I am trying to use R's package xgboost. But there is something I feel confused. In xgboost manual, under xgb.cv function, it says:
The original sample is randomly partitioned into nfold equal size subsamples.
Of the nfold subsamples, a single subsample is retained as the validation data for testing the model, and the remaining nfold - 1 subsamples are used as training data.
The cross-validation process is then repeated nrounds times, with each of the nfold subsamples used exactly once as the validation data.

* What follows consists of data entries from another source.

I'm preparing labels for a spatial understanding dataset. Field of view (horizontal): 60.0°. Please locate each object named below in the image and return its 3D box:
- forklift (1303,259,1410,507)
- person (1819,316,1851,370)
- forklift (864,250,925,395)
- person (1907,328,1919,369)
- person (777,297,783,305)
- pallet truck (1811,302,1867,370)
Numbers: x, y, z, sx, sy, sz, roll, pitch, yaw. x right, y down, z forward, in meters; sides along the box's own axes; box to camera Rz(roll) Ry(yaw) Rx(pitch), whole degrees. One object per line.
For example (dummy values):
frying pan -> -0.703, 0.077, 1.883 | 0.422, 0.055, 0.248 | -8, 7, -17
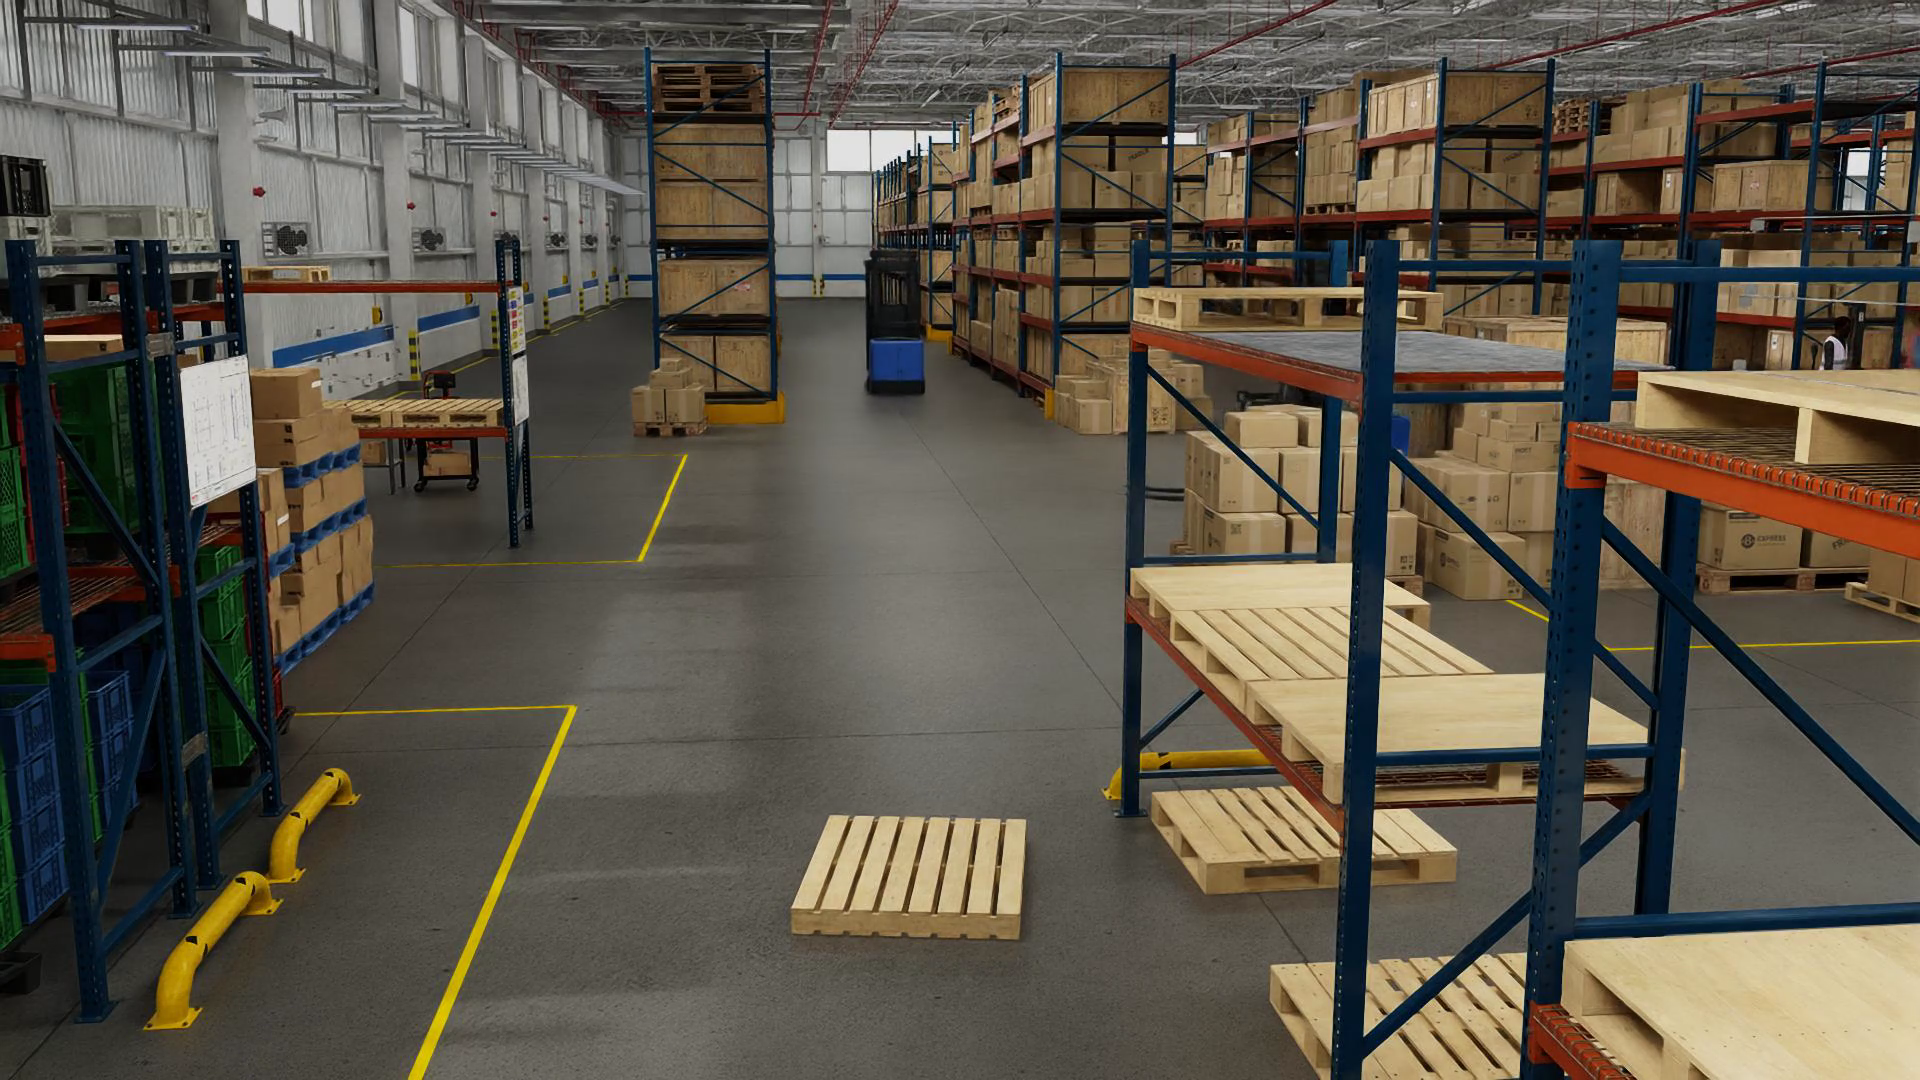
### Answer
forklift -> 4.107, -1.789, 18.844 | 1.873, 2.768, 1.129 | 1, 10, 5
person -> 13.029, -2.382, 24.832 | 0.587, 1.911, 0.397 | -10, 14, -43
forklift -> -1.299, -4.336, 32.959 | 1.129, 2.768, 1.873 | -1, 10, -6
person -> 16.127, -2.839, 27.664 | 0.960, 1.794, 0.636 | 4, 11, 21
person -> -8.804, -11.876, 78.044 | 0.904, 1.691, 0.497 | -3, 11, -19
pallet truck -> 15.846, -3.142, 28.793 | 1.885, 1.965, 0.823 | 2, 10, 12

And this is the code in the manual:
data(agaricus.train, package='xgboost')
dtrain <- xgb.DMatrix(agaricus.train$data, label = agaricus.train$label)
cv <- xgb.cv(data = dtrain, nrounds = 3, nthread = 2, nfold = 5, metrics =
list("rmse","auc"),
max_depth = 3, eta = 1, objective = "binary:logistic")
print(cv)
print(cv, verbose=TRUE)
And the result is:
##### xgb.cv 5-folds
call:
xgb.cv(data = dtrain, nrounds = 3, nfold = 5, metrics = list("rmse",
"auc"), nthread = 2, max_depth = 3, eta = 1, objective = "binary:logistic")
params (as set within xgb.cv):
nthread = "2", max_depth = "3", eta = "1", objective = "binary:logistic",
eval_metric = "rmse", eval_metric = "auc", silent = "1"
callbacks:
cb.print.evaluation(period = print_every_n, showsd = showsd)
cb.evaluation.log()
niter: 3
evaluation_log:
iter train_rmse_mean train_rmse_std train_auc_mean train_auc_std test_rmse_mean test_rmse_std test_auc_mean test_auc_std
1 0.1623756 0.002693092 0.9871108 1.123550e-03 0.1625222 0.009134128 0.9870954 0.0045008818
2 0.0784902 0.002413883 0.9998370 1.317346e-04 0.0791366 0.004566554 0.9997756 0.0003538184
3 0.0464588 0.005172930 0.9998942 7.315846e-05 0.0478028 0.007763252 0.9998902 0.0001347032
Let's say nfold=5 and nrounds=2. It means the data is splited into 5 parts with equal size. And the algorithm will generate 2 trees.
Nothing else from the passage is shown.